Previously identified breaches of regulations had led to necessary improvements. We found there had been an increase in the number of staff on each shift from the previous inspection in August 2014. A deputy manager had been appointed and would be starting at Deneside Court at the end of February 2015. People at the home, their friends and relatives told us there were some previous occasions when there were not enough staff on duty.

Staff had been receiving regular supervision and appraisals, and the current systems to regularly assess and monitor the quality of services were effective. However additional breaches of the regulations were also identified during the course of this inspection. We found the recording of people’s medicines was not managed safely as we found some medicine records were inaccurate and did not support the safe administration of medicines. We also found monthly weight charts had been inconsistently completed, and there were gaps in the risk assessment support plans.

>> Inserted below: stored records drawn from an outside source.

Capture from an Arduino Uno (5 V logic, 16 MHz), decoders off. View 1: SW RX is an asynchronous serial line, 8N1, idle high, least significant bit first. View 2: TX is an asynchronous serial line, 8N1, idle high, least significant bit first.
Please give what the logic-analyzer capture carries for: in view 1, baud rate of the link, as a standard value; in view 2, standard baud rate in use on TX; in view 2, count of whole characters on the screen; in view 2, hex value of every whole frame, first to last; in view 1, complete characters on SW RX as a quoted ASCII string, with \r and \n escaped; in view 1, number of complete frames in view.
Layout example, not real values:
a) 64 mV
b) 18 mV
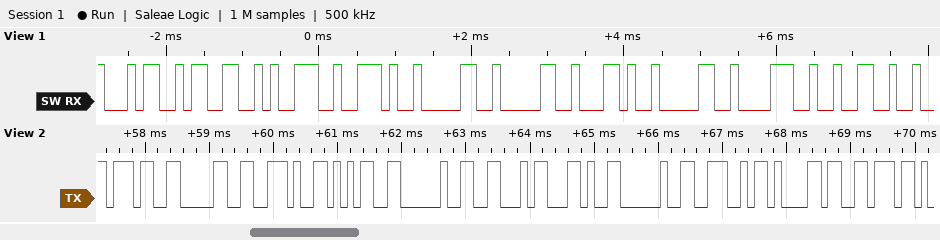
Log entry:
a) 9600 baud
b) 9600 baud
c) 11
d) 0x37 0x30 0x2E 0x35 0x20 0x46 0x2C 0x20 0x4E 0x61 0x76
e) "439.00,082"
f) 10
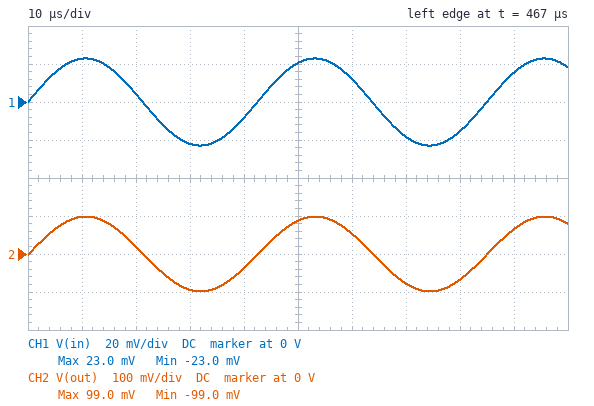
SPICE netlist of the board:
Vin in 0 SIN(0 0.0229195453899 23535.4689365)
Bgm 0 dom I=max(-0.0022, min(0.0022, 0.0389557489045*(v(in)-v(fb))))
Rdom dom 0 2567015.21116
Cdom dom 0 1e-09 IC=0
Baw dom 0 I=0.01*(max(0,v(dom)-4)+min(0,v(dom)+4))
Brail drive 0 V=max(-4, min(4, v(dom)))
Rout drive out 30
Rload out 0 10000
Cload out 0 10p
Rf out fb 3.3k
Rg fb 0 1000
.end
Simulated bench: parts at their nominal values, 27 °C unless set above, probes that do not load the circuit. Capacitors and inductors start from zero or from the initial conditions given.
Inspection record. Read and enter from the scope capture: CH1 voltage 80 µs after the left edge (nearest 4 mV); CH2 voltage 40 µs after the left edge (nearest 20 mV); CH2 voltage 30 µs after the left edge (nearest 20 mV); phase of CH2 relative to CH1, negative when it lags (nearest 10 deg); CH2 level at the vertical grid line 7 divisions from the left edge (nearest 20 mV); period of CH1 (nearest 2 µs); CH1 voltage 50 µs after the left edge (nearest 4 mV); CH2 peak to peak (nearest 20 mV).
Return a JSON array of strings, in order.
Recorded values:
["-16 mV", "-40 mV", "-100 mV", "0 deg", "-80 mV", "42 µs", "20 mV", "200 mV"]
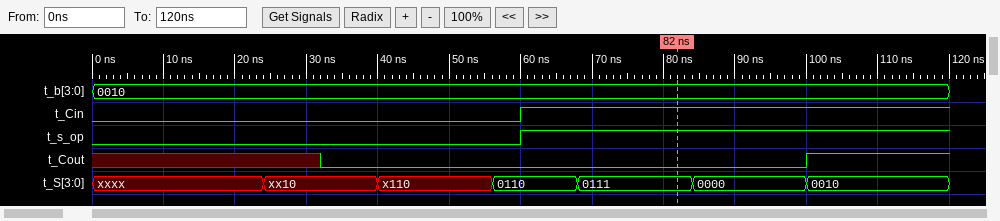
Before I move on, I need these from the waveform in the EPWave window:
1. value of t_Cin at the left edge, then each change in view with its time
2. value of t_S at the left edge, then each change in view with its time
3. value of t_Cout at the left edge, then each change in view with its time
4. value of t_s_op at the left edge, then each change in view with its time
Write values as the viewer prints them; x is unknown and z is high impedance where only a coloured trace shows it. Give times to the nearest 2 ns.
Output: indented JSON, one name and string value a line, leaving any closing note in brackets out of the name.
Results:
{
  "value of t_Cin at the left edge, then each change in view with its time": "0, 1 at 60 ns",
  "value of t_S at the left edge, then each change in view with its time": "xxxx, xx10 at 24 ns, x110 at 40 ns, 0110 at 56 ns, 0111 at 68 ns, 0000 at 84 ns, 0010 at 100 ns",
  "value of t_Cout at the left edge, then each change in view with its time": "x, 0 at 32 ns, 1 at 100 ns",
  "value of t_s_op at the left edge, then each change in view with its time": "0, 1 at 60 ns"
}
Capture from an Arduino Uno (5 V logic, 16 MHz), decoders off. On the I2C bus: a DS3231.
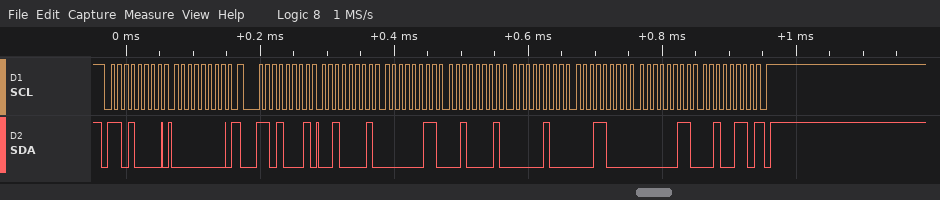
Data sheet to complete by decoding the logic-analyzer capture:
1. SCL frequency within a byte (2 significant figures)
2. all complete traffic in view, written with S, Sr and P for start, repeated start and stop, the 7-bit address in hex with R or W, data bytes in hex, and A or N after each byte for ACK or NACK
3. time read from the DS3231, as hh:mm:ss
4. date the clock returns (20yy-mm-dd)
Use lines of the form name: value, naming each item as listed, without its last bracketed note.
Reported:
SCL frequency within a byte: 100 kHz
all complete traffic in view, written with S, Sr and P for start, repeated start and stop, the 7-bit address in hex with R or W, data bytes in hex, and A or N after each byte for ACK or NACK: S 68W A 00 A Sr 68R A 21 A 03 A 21 A 04 A 18 A 03 A 26 N P
time read from the DS3231, as hh:mm:ss: 21:03:21
date the clock returns: 2026-03-18
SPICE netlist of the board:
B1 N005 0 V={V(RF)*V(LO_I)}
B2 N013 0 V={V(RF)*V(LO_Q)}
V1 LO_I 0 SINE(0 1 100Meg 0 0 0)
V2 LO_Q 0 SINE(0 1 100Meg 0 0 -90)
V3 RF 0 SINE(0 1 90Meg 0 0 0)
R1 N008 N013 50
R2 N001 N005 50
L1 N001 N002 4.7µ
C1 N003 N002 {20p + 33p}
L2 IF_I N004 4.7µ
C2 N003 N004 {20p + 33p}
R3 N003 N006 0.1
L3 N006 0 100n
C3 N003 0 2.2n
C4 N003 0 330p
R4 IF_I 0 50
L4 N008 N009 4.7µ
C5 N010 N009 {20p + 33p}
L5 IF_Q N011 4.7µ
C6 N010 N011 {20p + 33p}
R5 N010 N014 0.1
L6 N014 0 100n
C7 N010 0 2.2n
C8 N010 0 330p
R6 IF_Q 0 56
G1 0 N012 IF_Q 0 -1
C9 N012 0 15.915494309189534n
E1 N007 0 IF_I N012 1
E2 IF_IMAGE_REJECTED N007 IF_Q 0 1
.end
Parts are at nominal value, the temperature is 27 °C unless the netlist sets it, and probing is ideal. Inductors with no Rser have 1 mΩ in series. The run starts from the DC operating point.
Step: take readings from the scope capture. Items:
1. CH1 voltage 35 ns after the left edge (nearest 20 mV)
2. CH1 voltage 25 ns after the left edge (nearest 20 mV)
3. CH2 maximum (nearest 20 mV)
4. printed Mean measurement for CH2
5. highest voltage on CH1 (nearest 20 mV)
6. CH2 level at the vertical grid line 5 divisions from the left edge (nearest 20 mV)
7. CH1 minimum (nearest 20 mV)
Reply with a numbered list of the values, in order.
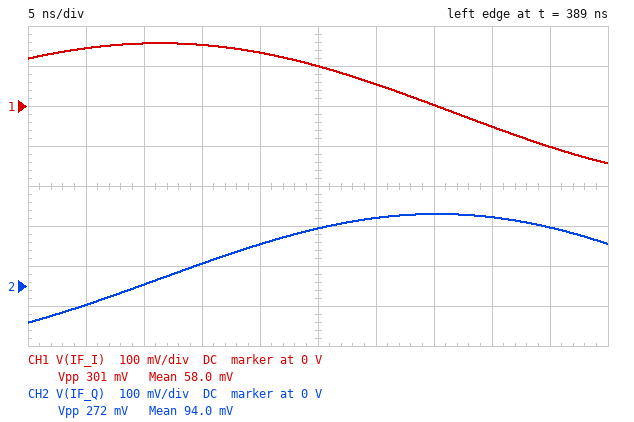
1. 0 V
2. 100 mV
3. 180 mV
4. 94.0 mV
5. 160 mV
6. 140 mV
7. -140 mV
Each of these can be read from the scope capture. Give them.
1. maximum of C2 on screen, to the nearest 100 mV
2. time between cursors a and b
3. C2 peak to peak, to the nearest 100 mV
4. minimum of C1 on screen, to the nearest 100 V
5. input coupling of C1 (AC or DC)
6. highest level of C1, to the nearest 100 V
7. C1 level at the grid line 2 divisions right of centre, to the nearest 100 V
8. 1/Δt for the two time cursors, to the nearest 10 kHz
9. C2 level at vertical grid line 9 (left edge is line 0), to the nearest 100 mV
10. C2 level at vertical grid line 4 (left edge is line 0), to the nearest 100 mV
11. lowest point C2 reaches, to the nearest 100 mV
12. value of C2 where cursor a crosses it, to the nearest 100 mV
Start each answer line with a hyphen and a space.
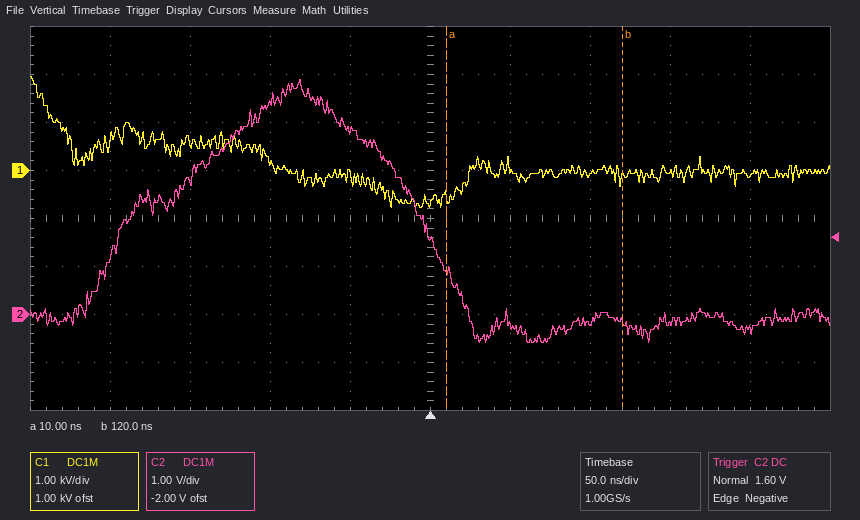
- 4.9 V
- 110 ns
- 5.5 V
- -800 V
- DC
- 2.0 kV
- -100 V
- 9.09 MHz
- -300 mV
- 3.8 V
- -600 mV
- 900 mV
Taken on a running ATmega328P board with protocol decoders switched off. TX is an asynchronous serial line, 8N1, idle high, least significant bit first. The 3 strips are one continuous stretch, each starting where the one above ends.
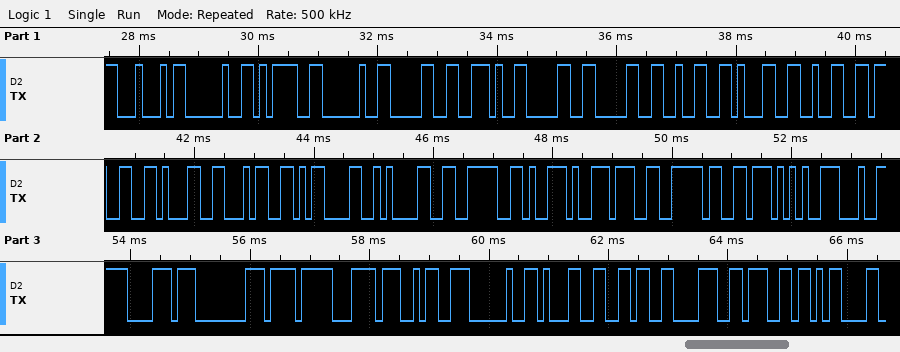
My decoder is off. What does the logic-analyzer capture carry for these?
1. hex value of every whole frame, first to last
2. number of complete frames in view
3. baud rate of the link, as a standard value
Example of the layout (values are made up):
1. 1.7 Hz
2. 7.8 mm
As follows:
1. 0x44 0x20 0x3D 0x20 0x30 0x2E 0x30 0x30 0x32 0x31 0x32 0x33 0x31 0x34 0x0D 0x0A 0xE6 0x96 0xB9 0xE6 0xB3 0x95 0xE4 0xB8 0x80 0xEF 0xBC 0x9A 0x20 0x31 0x36 0x38 0x67 0x0D
2. 34
3. 9600 baud
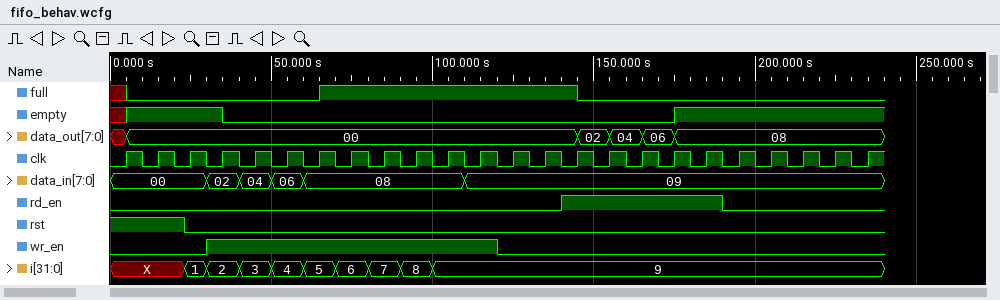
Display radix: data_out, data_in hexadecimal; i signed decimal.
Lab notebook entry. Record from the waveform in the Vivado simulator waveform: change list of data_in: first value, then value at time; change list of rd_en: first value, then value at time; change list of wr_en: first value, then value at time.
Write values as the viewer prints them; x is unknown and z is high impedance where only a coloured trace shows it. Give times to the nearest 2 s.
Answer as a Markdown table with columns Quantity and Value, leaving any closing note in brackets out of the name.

| Quantity | Value |
|---|---|
| change list of data_in: first value, then value at time | 00, 02 at 30 s, 04 at 40 s, 06 at 50 s, 08 at 60 s, 09 at 110 s |
| change list of rd_en: first value, then value at time | 0, 1 at 140 s, 0 at 190 s |
| change list of wr_en: first value, then value at time | 0, 1 at 30 s, 0 at 120 s |
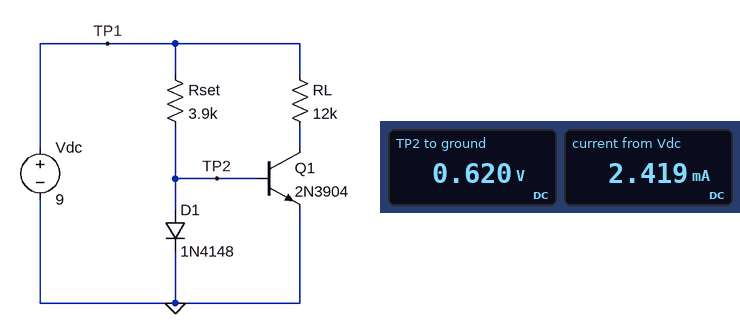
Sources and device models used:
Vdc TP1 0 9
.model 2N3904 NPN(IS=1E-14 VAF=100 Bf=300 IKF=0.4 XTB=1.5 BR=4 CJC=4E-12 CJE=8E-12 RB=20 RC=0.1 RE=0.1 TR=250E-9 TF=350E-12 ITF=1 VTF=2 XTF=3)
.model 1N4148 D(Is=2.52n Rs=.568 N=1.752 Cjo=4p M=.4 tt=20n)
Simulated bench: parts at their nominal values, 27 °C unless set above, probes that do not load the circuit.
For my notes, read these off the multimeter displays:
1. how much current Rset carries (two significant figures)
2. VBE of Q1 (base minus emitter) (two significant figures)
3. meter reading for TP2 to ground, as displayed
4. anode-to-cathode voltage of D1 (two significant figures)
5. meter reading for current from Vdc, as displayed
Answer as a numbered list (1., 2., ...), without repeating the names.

1. 2.1 mA
2. 620 mV
3. 0.620 V
4. 620 mV
5. 2.419 mA
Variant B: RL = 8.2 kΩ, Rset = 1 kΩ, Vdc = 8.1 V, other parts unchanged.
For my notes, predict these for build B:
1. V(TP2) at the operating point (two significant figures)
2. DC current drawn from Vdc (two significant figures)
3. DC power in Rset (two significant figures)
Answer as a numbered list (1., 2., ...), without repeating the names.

1. 680 mV
2. 8.4 mA
3. 55 mW
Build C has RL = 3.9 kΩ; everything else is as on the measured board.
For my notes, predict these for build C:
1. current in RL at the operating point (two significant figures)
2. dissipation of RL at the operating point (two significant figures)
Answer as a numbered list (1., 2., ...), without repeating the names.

1. 280 µA
2. 300 µW
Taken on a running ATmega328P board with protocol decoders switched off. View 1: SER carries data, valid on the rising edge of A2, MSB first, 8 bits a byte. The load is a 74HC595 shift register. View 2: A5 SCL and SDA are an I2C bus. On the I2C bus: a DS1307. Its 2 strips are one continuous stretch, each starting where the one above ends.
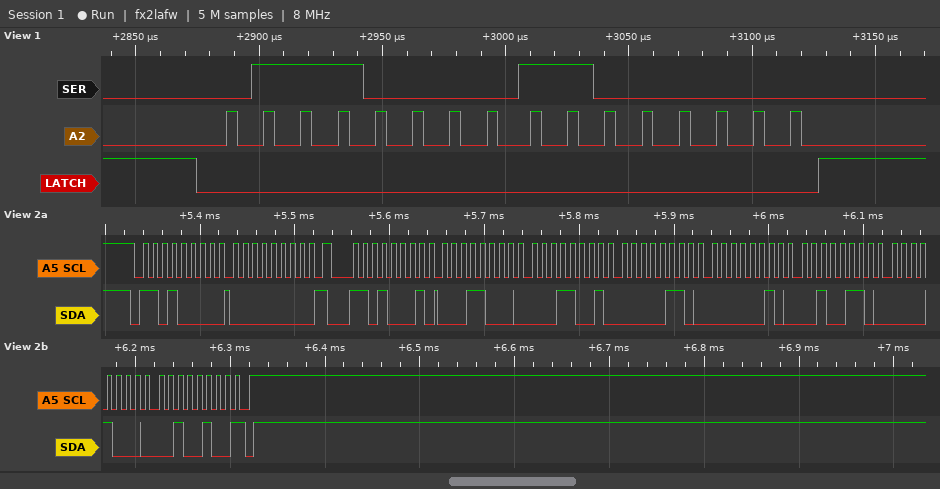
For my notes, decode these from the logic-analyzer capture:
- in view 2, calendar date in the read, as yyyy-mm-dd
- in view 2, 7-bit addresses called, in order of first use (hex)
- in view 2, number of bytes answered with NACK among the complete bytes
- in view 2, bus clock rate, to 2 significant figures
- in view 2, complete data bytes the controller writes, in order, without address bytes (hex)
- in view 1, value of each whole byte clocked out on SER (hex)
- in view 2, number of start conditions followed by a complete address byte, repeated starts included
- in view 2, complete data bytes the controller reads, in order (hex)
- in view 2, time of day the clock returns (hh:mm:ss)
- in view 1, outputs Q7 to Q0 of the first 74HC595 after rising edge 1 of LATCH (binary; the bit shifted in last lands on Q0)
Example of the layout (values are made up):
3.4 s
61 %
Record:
2024-08-26
0x68
1
100 kHz
00
0x70 0xC0
2
18 19 06 02 26 08 24
06:19:18
11000000

People and their relatives told us staff treated people with kindness. We saw caring interactions between people and staff and there was a friendly atmosphere around the home. People told us they enjoyed the meals at the home although one relative told us that the standard of meals had dropped since the chef was promoted within the company. Recruitment practices at the service were thorough, appropriate and safe. Staff told us morale had improved following the manager’s return to the home. All of the staff we spoke with felt the manager was supportive and approachable.

Relatives we spoke with told us, “There have been some issues with my son’s care but now I feel the place is on the up.” Another relative told us, “Staff are really good with my [relative], which is all that matters”. “We have had some concerns in the past but feel confident now the manager is back”.

We found two breaches of the Health and Social Care Act 2008 (Regulated Activities) Regulations 2010. You can see what action we have told the provider to take at the back of the full version of this report.